Exposure to drugs killed between 35% and 60% of formerly resistant cancer cells, which nearly doubled drug effectiveness. In lung cancer cells without cilia, for example, only 39% of cells survived treatment using erlotinib, compared with 72% of cells that still had cilia. The team suggests their findings indicate that “inhibition of cilia regulators such as FGFR may represent a good therapeutic strategy to overcome drug resistance in a variety of contexts.”
In a final round of experiments, the researchers confirmed an association between de novo drug resistance and ciliogenesis and demonstrated that inhibiting ciliogenesis using a chemical FGFR inhibitor led to increased cell death on exposure to the kinase inhibitor trametinib. In contrast, boosting cilia lengthening by knocking down Kif7 increased trametinib resistance. On the back of these results, the authors suggest that, similar to the models of acquired kinase inhibitor resistance, changes in ciliogenesis also appear to mediate de novo adaptive resistance to drug therapy.
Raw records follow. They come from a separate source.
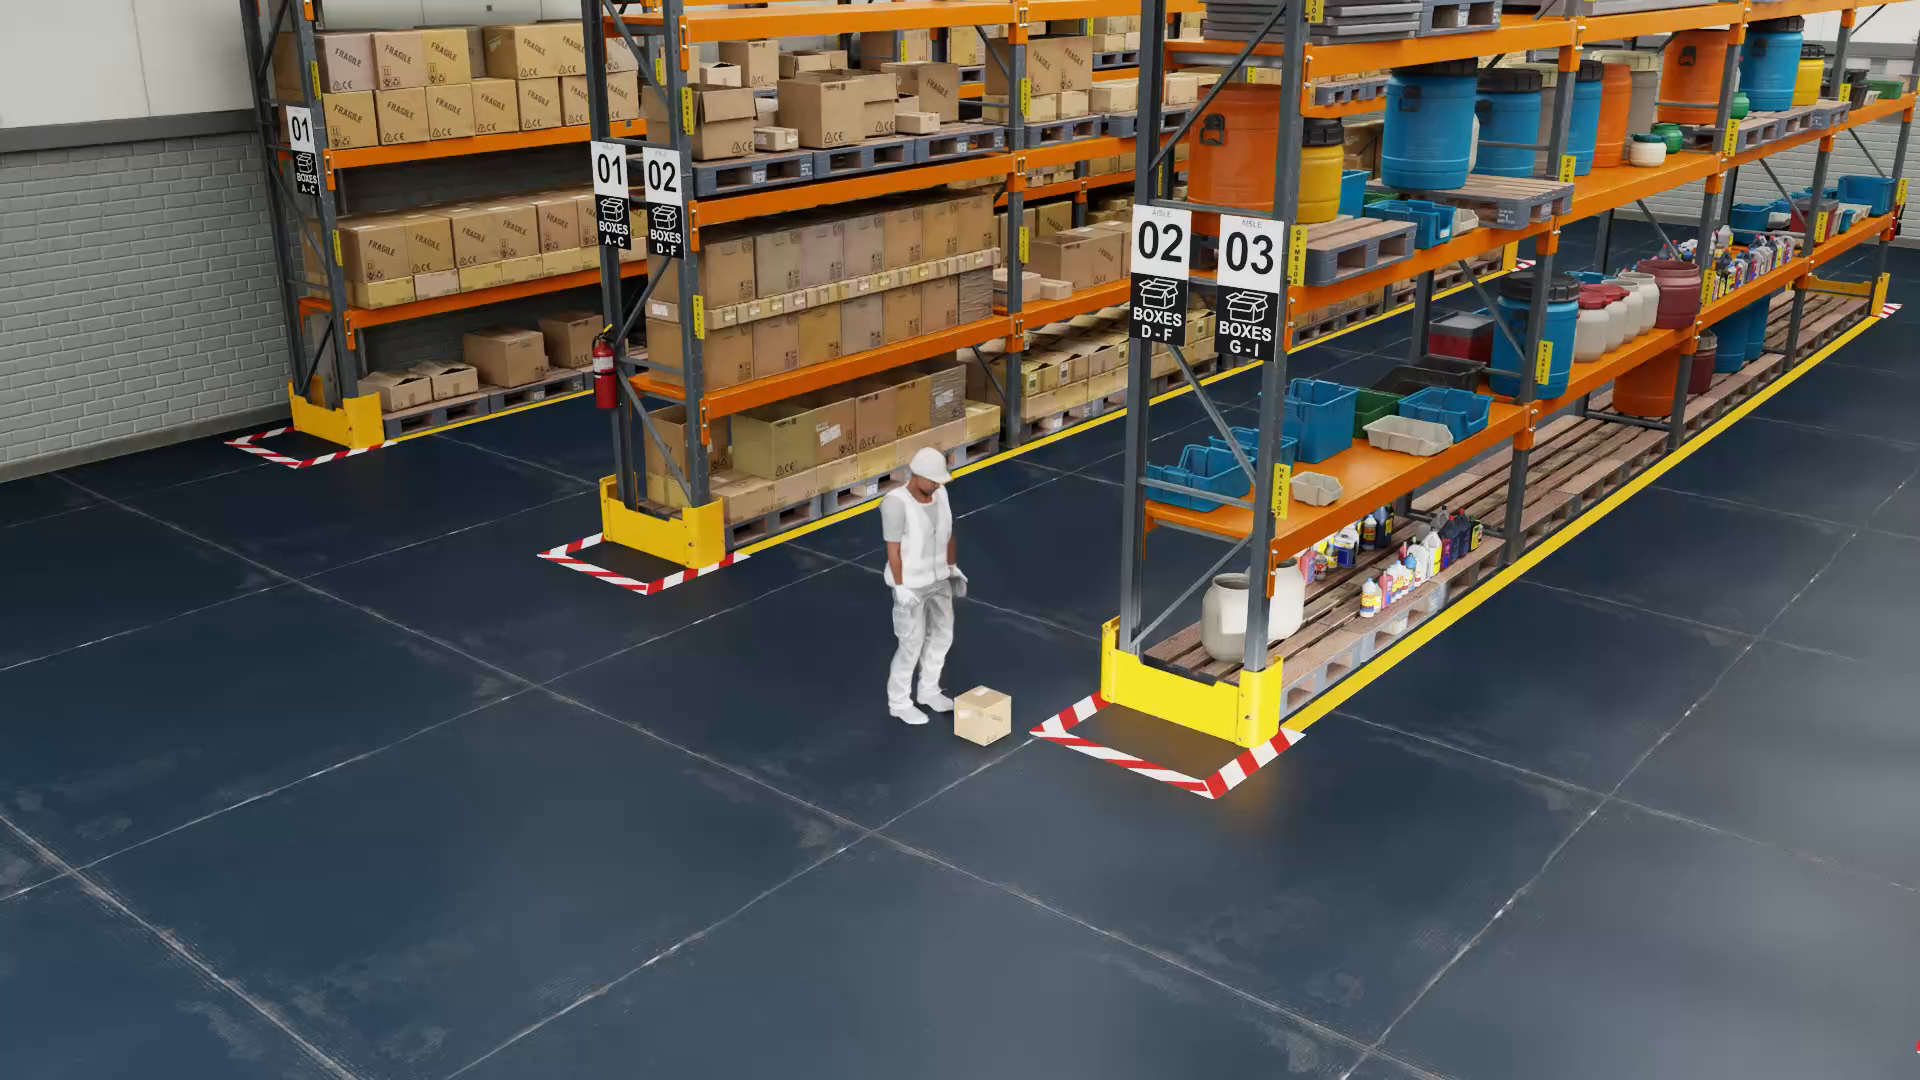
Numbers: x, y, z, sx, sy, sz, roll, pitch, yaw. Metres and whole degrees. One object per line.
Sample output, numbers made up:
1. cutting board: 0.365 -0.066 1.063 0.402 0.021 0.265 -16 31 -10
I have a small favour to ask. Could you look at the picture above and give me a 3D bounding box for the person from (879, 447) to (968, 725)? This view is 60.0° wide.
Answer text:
1. person: -0.228 0.261 10.357 0.389 1.763 0.557 18 26 40
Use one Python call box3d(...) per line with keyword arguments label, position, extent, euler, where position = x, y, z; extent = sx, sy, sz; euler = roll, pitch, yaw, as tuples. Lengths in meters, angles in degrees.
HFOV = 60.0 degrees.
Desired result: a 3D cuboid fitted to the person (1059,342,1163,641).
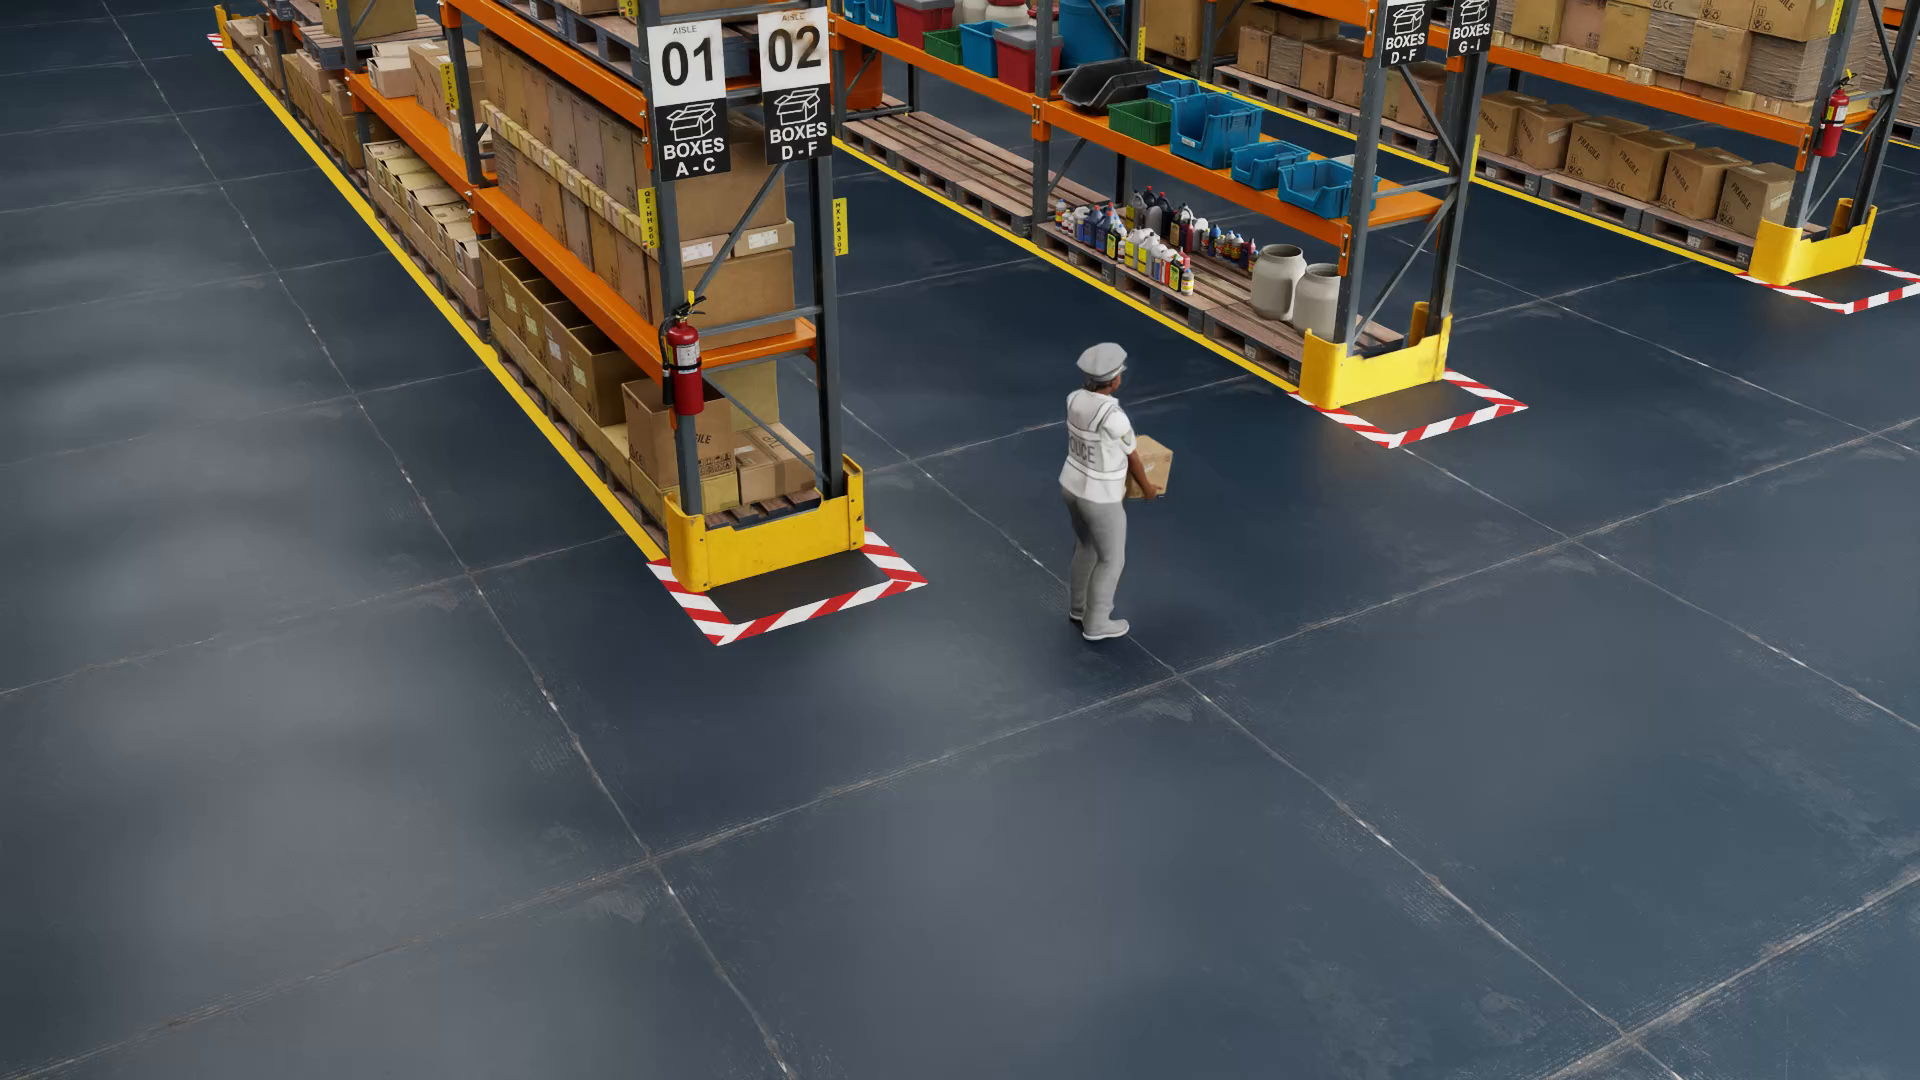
box3d(label="person", position=(0.803, -0.274, 9.032), extent=(0.529, 1.685, 0.416), euler=(-17, 33, -27))

“These data support a model wherein inhibition of certain kinases leads to increased activation of FGFR (or other cilia promoting pathways), leading to enhanced ciliogenesis and concomitant Hedgehog pathway activation, thus facilitating the generation of inhibitor insensitive survival signals,” they write. “Our study shows that aberrant ciliogenesis could serve as a functional platform for a variety of cancer drug resistance mechanisms (both de novo and acquired) and provides rationale for a broad therapeutic strategy to overcome resistance in a variety of settings.”
“Next, we aim to explore changes to cilia in more depth, to build a more detailed picture of how they are linked to cancer drug resistance and how they might be targeted to restore sensitivity to treatment,” Dr. Tanos states. “The research could open the door to new approaches for attacking cancers, which might block their escape routes from existing treatments,” adds Paul Workman, Ph.D., chief executive of the ICR.